====== Listed records

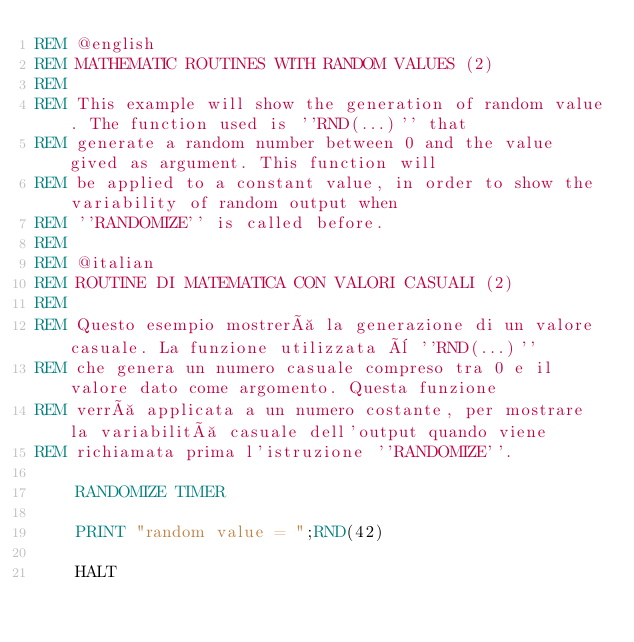<code> <loc_0><loc_0><loc_500><loc_500><_VisualBasic_>REM @english
REM MATHEMATIC ROUTINES WITH RANDOM VALUES (2)
REM
REM This example will show the generation of random value. The function used is ''RND(...)'' that
REM generate a random number between 0 and the value gived as argument. This function will
REM be applied to a constant value, in order to show the variability of random output when
REM ''RANDOMIZE'' is called before.
REM
REM @italian
REM ROUTINE DI MATEMATICA CON VALORI CASUALI (2)
REM
REM Questo esempio mostrerà la generazione di un valore casuale. La funzione utilizzata è ''RND(...)'' 
REM che genera un numero casuale compreso tra 0 e il valore dato come argomento. Questa funzione 
REM verrà applicata a un numero costante, per mostrare la variabilità casuale dell'output quando viene
REM richiamata prima l'istruzione ''RANDOMIZE''.

    RANDOMIZE TIMER
    
    PRINT "random value = ";RND(42)

    HALT</code> 
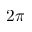<formula> <loc_0><loc_0><loc_500><loc_500>2 \pi</formula>

============

▶ **What is needed**:
Excluding all pictures, print exactly and only the lines from the line with "HALT</code>" through the end of the records above, both ends included.

▶ **Answer**:
    HALT</code> 
<formula> <loc_0><loc_0><loc_500><loc_500>2 \pi</formula>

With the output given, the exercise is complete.